Bird Crash

7/4/94
Cruising into the Sierras on a hot sunny day I had been heading south from Oregon and as I started a long climb up Highway 49 into the mountains I stopped at a lookout point and could see for what seemed like 20 miles out across a valley. I got back on my bike, kicked over the engine and hit the road. Getting towards the end of the climb the road started to wind through forest. The road was cut into the mountain which sloped up on my right, with a drop off towards a valley and a stream far below to my left. I came over a pass while rounding a turn and up from the road flew a flock of 5 or 7 birds from the ground. I was happy to see a flock of lovely creatures begin flapping their wings and rising up from the road. I'm always happy to see birds but within a split second I could see that they weren't all going to clear and suddenly I felt a big thud as one of them hit me right in the chest! It felt like someone threw an orange at me. It hit my right side, and I let out a yell, and reached up to grab and felt a big feathered lump. As I lowered my hand again to grab on to the handle bars to downshift and stop, the bird fell to the roadway. I turned around and looked back to see a crumpled mass of feathers on the asphault. I was in disbelief, and raced back, turning around by the bird on the road. As I parked my bike I could see the bird still moving its wings. Just then a pickup truck I had passed a mile or two back was catching up and getting ready to pass. I looked at the bird and hoped the truck wasn't going to run over it before I could get off the bike to save it. Luckily the truck swerved wide, missing the bird. I ran over and picked it up off the roadway. I could see a little blood and found its knee bleeding. The very tip of its sharp beak had been blunted and its mouth was slightly open. It was blinking its eyes and still breathing. I looked it over trying to tell if there was anything immediately obvious that was wrong. It's tail looked crooked and some of its feathers were ruffled. It flapped its wings sporadically but not enough to fly, and a few feathers were coming out and floating to the ground. When it rested its wings I couldn't quite tell if they were perfectly aligned or not, or if perhaps one was sprained or broken. It began to tilt it's head back, but would sometimes straighten its head out to clear its throat or something, and then put it's head back again. I could see it's tongue and inside it's mouth.

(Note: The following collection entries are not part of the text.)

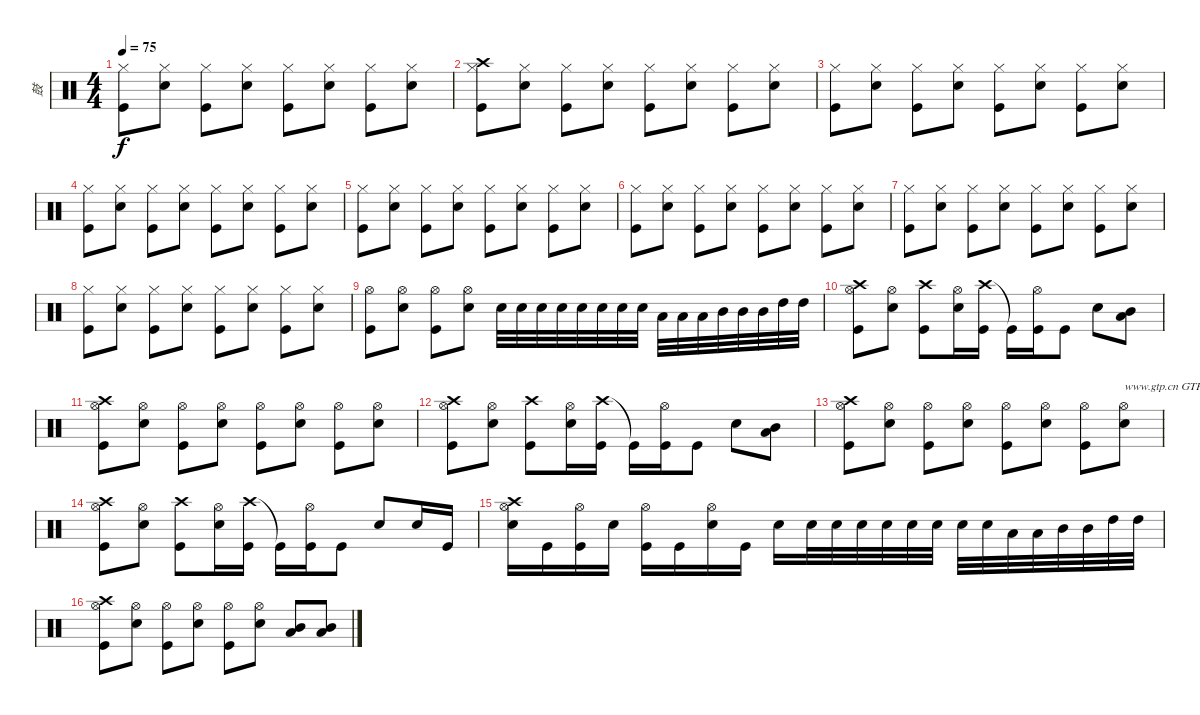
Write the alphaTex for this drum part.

\track ("鼓" "鼓") {instrument percussion}
\staff {score}
\articulation defaults
\ts (4 4)
\tempo 75
\clef neutral
\ks c
("Hi-Hat (closed)" "Kick (hit)").8{dy f} ("Hi-Hat (closed)" "Electric Snare (hit)").8 ("Hi-Hat (closed)" "Kick (hit)").8 ("Hi-Hat (closed)" "Electric Snare (hit)").8 ("Hi-Hat (closed)" "Kick (hit)").8 ("Hi-Hat (closed)" "Electric Snare (hit)").8 ("Hi-Hat (closed)" "Kick (hit)").8 ("Hi-Hat (closed)" "Electric Snare (hit)").8 |
("Crash high (hit)" "Hi-Hat (closed)" "Kick (hit)").8 ("Hi-Hat (closed)" "Electric Snare (hit)").8 ("Hi-Hat (closed)" "Kick (hit)").8 ("Hi-Hat (closed)" "Electric Snare (hit)").8 ("Hi-Hat (closed)" "Kick (hit)").8 ("Hi-Hat (closed)" "Electric Snare (hit)").8 ("Hi-Hat (closed)" "Kick (hit)").8 ("Hi-Hat (closed)" "Electric Snare (hit)").8 |
("Hi-Hat (closed)" "Kick (hit)").8 ("Hi-Hat (closed)" "Electric Snare (hit)").8 ("Hi-Hat (closed)" "Kick (hit)").8 ("Hi-Hat (closed)" "Electric Snare (hit)").8 ("Hi-Hat (closed)" "Kick (hit)").8 ("Hi-Hat (closed)" "Electric Snare (hit)").8 ("Hi-Hat (closed)" "Kick (hit)").8 ("Hi-Hat (closed)" "Electric Snare (hit)").8 |
("Hi-Hat (closed)" "Kick (hit)").8 ("Hi-Hat (closed)" "Electric Snare (hit)").8 ("Hi-Hat (closed)" "Kick (hit)").8 ("Hi-Hat (closed)" "Electric Snare (hit)").8 ("Hi-Hat (closed)" "Kick (hit)").8 ("Hi-Hat (closed)" "Electric Snare (hit)").8 ("Hi-Hat (closed)" "Kick (hit)").8 ("Hi-Hat (closed)" "Electric Snare (hit)").8 |
("Hi-Hat (closed)" "Kick (hit)").8 ("Hi-Hat (closed)" "Electric Snare (hit)").8 ("Hi-Hat (closed)" "Kick (hit)").8 ("Hi-Hat (closed)" "Electric Snare (hit)").8 ("Hi-Hat (closed)" "Kick (hit)").8 ("Hi-Hat (closed)" "Electric Snare (hit)").8 ("Hi-Hat (closed)" "Kick (hit)").8 ("Hi-Hat (closed)" "Electric Snare (hit)").8 |
("Hi-Hat (closed)" "Kick (hit)").8 ("Hi-Hat (closed)" "Electric Snare (hit)").8 ("Hi-Hat (closed)" "Kick (hit)").8 ("Hi-Hat (closed)" "Electric Snare (hit)").8 ("Hi-Hat (closed)" "Kick (hit)").8 ("Hi-Hat (closed)" "Electric Snare (hit)").8 ("Hi-Hat (closed)" "Kick (hit)").8 ("Hi-Hat (closed)" "Electric Snare (hit)").8 |
("Hi-Hat (closed)" "Kick (hit)").8 ("Hi-Hat (closed)" "Electric Snare (hit)").8 ("Hi-Hat (closed)" "Kick (hit)").8 ("Hi-Hat (closed)" "Electric Snare (hit)").8 ("Hi-Hat (closed)" "Kick (hit)").8 ("Hi-Hat (closed)" "Electric Snare (hit)").8 ("Hi-Hat (closed)" "Kick (hit)").8 ("Hi-Hat (closed)" "Electric Snare (hit)").8 |
("Hi-Hat (closed)" "Kick (hit)").8 ("Hi-Hat (closed)" "Electric Snare (hit)").8 ("Hi-Hat (closed)" "Kick (hit)").8 ("Hi-Hat (closed)" "Electric Snare (hit)").8 ("Hi-Hat (closed)" "Kick (hit)").8 ("Hi-Hat (closed)" "Electric Snare (hit)").8 ("Hi-Hat (closed)" "Kick (hit)").8 ("Hi-Hat (closed)" "Electric Snare (hit)").8 |
("Hi-Hat (open)" "Kick (hit)").8 ("Hi-Hat (open)" "Electric Snare (hit)").8 ("Hi-Hat (open)" "Kick (hit)").8 ("Hi-Hat (open)" "Electric Snare (hit)").8 "Electric Snare (hit)".32 "Electric Snare (hit)".32 "Electric Snare (hit)".32 "Electric Snare (hit)".32 "Electric Snare (hit)".32 "Electric Snare (hit)".32 "Electric Snare (hit)".32 "Electric Snare (hit)".32 "Low Tom (hit)".32 "Low Tom (hit)".32 "Low Tom (hit)".32 "Mid Tom (hit)".32 "Mid Tom (hit)".32 "Mid Tom (hit)".32 "High Tom (hit)".32 "High Tom (hit)".32 |
("Crash high (hit)" "Hi-Hat (open)" "Kick (hit)").8 ("Hi-Hat (open)" "Electric Snare (hit)").8 ("Crash high (hit)" "Kick (hit)").8 ("Hi-Hat (open)" "Electric Snare (hit)").16 ("Crash high (hit)" "Kick (hit)").16 "Kick (hit)"{t}.16 ("Hi-Hat (open)" "Kick (hit)").16 "Kick (hit)".8 "Electric Snare (hit)".8 ("Mid Tom (hit)" "Low Tom (hit)").8 |
("Crash high (hit)" "Hi-Hat (open)" "Kick (hit)").8 ("Hi-Hat (open)" "Electric Snare (hit)").8 ("Hi-Hat (open)" "Kick (hit)").8 ("Hi-Hat (open)" "Electric Snare (hit)").8 ("Hi-Hat (open)" "Kick (hit)").8 ("Hi-Hat (open)" "Electric Snare (hit)").8 ("Hi-Hat (open)" "Kick (hit)").8 ("Hi-Hat (open)" "Electric Snare (hit)").8 |
("Crash high (hit)" "Hi-Hat (open)" "Kick (hit)").8 ("Hi-Hat (open)" "Electric Snare (hit)").8 ("Crash high (hit)" "Kick (hit)").8 ("Hi-Hat (open)" "Electric Snare (hit)").16 ("Crash high (hit)" "Kick (hit)").16 "Kick (hit)"{t}.16 ("Hi-Hat (open)" "Kick (hit)").16 "Kick (hit)".8 "Electric Snare (hit)".8 ("Mid Tom (hit)" "Low Tom (hit)").8 |
("Crash high (hit)" "Hi-Hat (open)" "Kick (hit)").8 ("Hi-Hat (open)" "Electric Snare (hit)").8 ("Hi-Hat (open)" "Kick (hit)").8 ("Hi-Hat (open)" "Electric Snare (hit)").8 ("Hi-Hat (open)" "Kick (hit)").8 ("Hi-Hat (open)" "Electric Snare (hit)").8 ("Hi-Hat (open)" "Kick (hit)").8 ("Hi-Hat (open)" "Electric Snare (hit)").8{txt "www.gtp.cn GTP中文娱乐网为您提供优秀的谱子"} |
("Crash high (hit)" "Hi-Hat (open)" "Kick (hit)").8 ("Hi-Hat (open)" "Electric Snare (hit)").8 ("Crash high (hit)" "Kick (hit)").8 ("Hi-Hat (open)" "Electric Snare (hit)").16 ("Crash high (hit)" "Kick (hit)").16 "Kick (hit)"{t}.16 ("Hi-Hat (open)" "Kick (hit)").16 "Kick (hit)".8 "Electric Snare (hit)".8 "Electric Snare (hit)".16 "Kick (hit)".16 |
("Crash high (hit)" "Hi-Hat (open)" "Electric Snare (hit)").16 "Kick (hit)".16 ("Hi-Hat (open)" "Kick (hit)").16 "Electric Snare (hit)".16 ("Hi-Hat (open)" "Kick (hit)").16 "Kick (hit)".16 ("Hi-Hat (open)" "Electric Snare (hit)").16 "Kick (hit)".16 "Electric Snare (hit)".16 "Electric Snare (hit)".32 "Electric Snare (hit)".32 "Electric Snare (hit)".32 "Electric Snare (hit)".32 "Electric Snare (hit)".32 "Electric Snare (hit)".32 "Electric Snare (hit)".32 "Electric Snare (hit)".32 "Low Tom (hit)".32 "Low Tom (hit)".32 "Mid Tom (hit)".32 "Mid Tom (hit)".32 "High Tom (hit)".32 "High Tom (hit)".32 |
("Crash high (hit)" "Hi-Hat (open)" "Kick (hit)").8 ("Hi-Hat (open)" "Electric Snare (hit)").8 ("Hi-Hat (open)" "Kick (hit)").8 ("Hi-Hat (open)" "Electric Snare (hit)").8 ("Hi-Hat (open)" "Kick (hit)").8 ("Hi-Hat (open)" "Electric Snare (hit)").8 ("Mid Tom (hit)" "Low Tom (hit)").8 ("Mid Tom (hit)" "Low Tom (hit)").8

I tried to think of ways to help the poor little bird. All it's friends were long gone. It was gray, brown, black and yellow, larger than a sparrow, but smaller than a pigeon. It could respond to something under its foot by gripping on to my finger or glove. I decided to see if it could drink something. I took out a bottle of water and poured some in to the cap. It took the first two sips of water very well. I stood around holding it for a long time, watching it carefully and examining the response of it's pupils in both eyes to the sun light. They seemed to respond ok. After I tried giving it a third sip of water I could hear a gurgling in its breathing, as if it were slowly choking. I turned it upside down and then back up again and the gurgling stopped. I could hear it breathing and sometimes it would make little noises with each breath. It was blinking it's eyes, except when I pet it it would stop blinking. After about a half hour it was tilting it's head back quite a bit. I didn't know what else I could do, figuring it probably had some kind of internal injury that would slowly kill it. I decided to leave it in a tree near the road, hoping that the ants wouldn't get to it, and that somehow it would miraculously recover by nightfall. It felt odd to be holding onto a wild bird. I was sad thinking that it was probably helpless now and doomed to get weak and tired and fall out of the tree to be eaten by insects or some other predator. I got back on my bike and let the road take me away, wondering what it must be like to have some giant beast cross my flight path at fifty miles and hour.